Given a stream of elements, output the total number of distinct elements as efficiently as possible.

https://user-images.githubusercontent.com/4745789/101273043-250c3800-37b8-11eb-9e0c-435e386f3529.png

In the illustration above the stream has the following elements 4, 1, 7, 4, 2, 7, 6, 5, 3, 2, 4, 7 and 1. The stream has in all 7 unique elements and hence it is the count-distinct of this stream.

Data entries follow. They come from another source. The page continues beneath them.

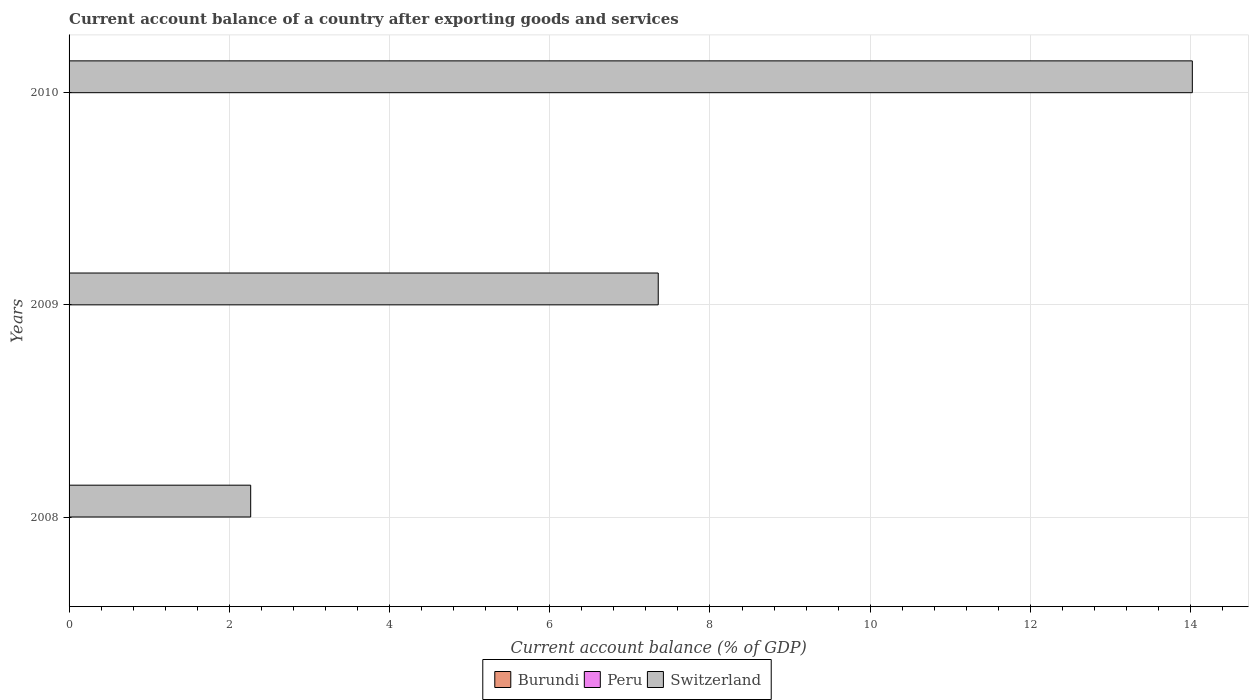How many different coloured bars are there?
Provide a succinct answer. 1. What is the label of the 3rd group of bars from the top?
Your response must be concise. 2008. In how many cases, is the number of bars for a given year not equal to the number of legend labels?
Make the answer very short. 3. Across all years, what is the maximum account balance in Switzerland?
Ensure brevity in your answer.  14.02. Across all years, what is the minimum account balance in Peru?
Offer a terse response. 0. What is the difference between the account balance in Switzerland in 2008 and that in 2009?
Make the answer very short. -5.09. What is the difference between the account balance in Burundi in 2010 and the account balance in Switzerland in 2008?
Ensure brevity in your answer.  -2.27. What is the average account balance in Burundi per year?
Keep it short and to the point. 0. What is the ratio of the account balance in Switzerland in 2008 to that in 2009?
Ensure brevity in your answer.  0.31. What is the difference between the highest and the second highest account balance in Switzerland?
Give a very brief answer. 6.67. What is the difference between the highest and the lowest account balance in Switzerland?
Provide a short and direct response. 11.75. In how many years, is the account balance in Switzerland greater than the average account balance in Switzerland taken over all years?
Your answer should be compact. 1. Is the sum of the account balance in Switzerland in 2008 and 2009 greater than the maximum account balance in Burundi across all years?
Offer a very short reply. Yes. Are all the bars in the graph horizontal?
Your answer should be compact. Yes. How many years are there in the graph?
Offer a terse response. 3. Does the graph contain any zero values?
Your response must be concise. Yes. Does the graph contain grids?
Offer a very short reply. Yes. Where does the legend appear in the graph?
Your response must be concise. Bottom center. How are the legend labels stacked?
Offer a very short reply. Horizontal. What is the title of the graph?
Offer a terse response. Current account balance of a country after exporting goods and services. What is the label or title of the X-axis?
Your answer should be compact. Current account balance (% of GDP). What is the label or title of the Y-axis?
Offer a very short reply. Years. What is the Current account balance (% of GDP) of Switzerland in 2008?
Your response must be concise. 2.27. What is the Current account balance (% of GDP) in Burundi in 2009?
Your answer should be very brief. 0. What is the Current account balance (% of GDP) of Switzerland in 2009?
Offer a terse response. 7.35. What is the Current account balance (% of GDP) of Burundi in 2010?
Make the answer very short. 0. What is the Current account balance (% of GDP) of Peru in 2010?
Keep it short and to the point. 0. What is the Current account balance (% of GDP) in Switzerland in 2010?
Offer a very short reply. 14.02. Across all years, what is the maximum Current account balance (% of GDP) of Switzerland?
Your answer should be compact. 14.02. Across all years, what is the minimum Current account balance (% of GDP) in Switzerland?
Your answer should be very brief. 2.27. What is the total Current account balance (% of GDP) of Peru in the graph?
Provide a short and direct response. 0. What is the total Current account balance (% of GDP) of Switzerland in the graph?
Keep it short and to the point. 23.64. What is the difference between the Current account balance (% of GDP) of Switzerland in 2008 and that in 2009?
Your answer should be very brief. -5.09. What is the difference between the Current account balance (% of GDP) in Switzerland in 2008 and that in 2010?
Offer a very short reply. -11.75. What is the difference between the Current account balance (% of GDP) of Switzerland in 2009 and that in 2010?
Give a very brief answer. -6.67. What is the average Current account balance (% of GDP) in Burundi per year?
Offer a very short reply. 0. What is the average Current account balance (% of GDP) in Switzerland per year?
Make the answer very short. 7.88. What is the ratio of the Current account balance (% of GDP) in Switzerland in 2008 to that in 2009?
Your answer should be very brief. 0.31. What is the ratio of the Current account balance (% of GDP) of Switzerland in 2008 to that in 2010?
Offer a terse response. 0.16. What is the ratio of the Current account balance (% of GDP) in Switzerland in 2009 to that in 2010?
Your answer should be compact. 0.52. What is the difference between the highest and the lowest Current account balance (% of GDP) of Switzerland?
Give a very brief answer. 11.75.

Deterministically computing count-distinct is an easy affair, we need a data structure to hold all the unique elements as we iterate the stream. Data structures like Set and Hash Table suit this use-case particularly well. A simple pythonic implementation of this approach is as programmed below

def cardinality(elements: int) -> int:
    return len(set(elements))

Above deterministic approach demands an auxiliary space of O(n) so as to accurately measure the cardinality. But when we are allowed to approximate the count we can do it with a fraction of auxiliary space using the Flajolet-Martin Algorithm.

The Flajolet-Martin Algorithm

The Flajolet-Martin algorithm uses the position of the rightmost set and unset bit to approximate the count-distinct in a given stream. The two seemingly unrelated concepts are intertwined using probability. It uses extra storage of order O(log m) where m is the number of unique elements in the stream and provides a practical estimate of the cardinalities.

The intuition

Given a good uniform distribution of numbers, the probability that the rightmost set bit is at position 0 is 1/2, probability of rightmost set bit is at position 1 is 1/2 * 1/2 = 1/4, at position 2 it is 1/8 and so on.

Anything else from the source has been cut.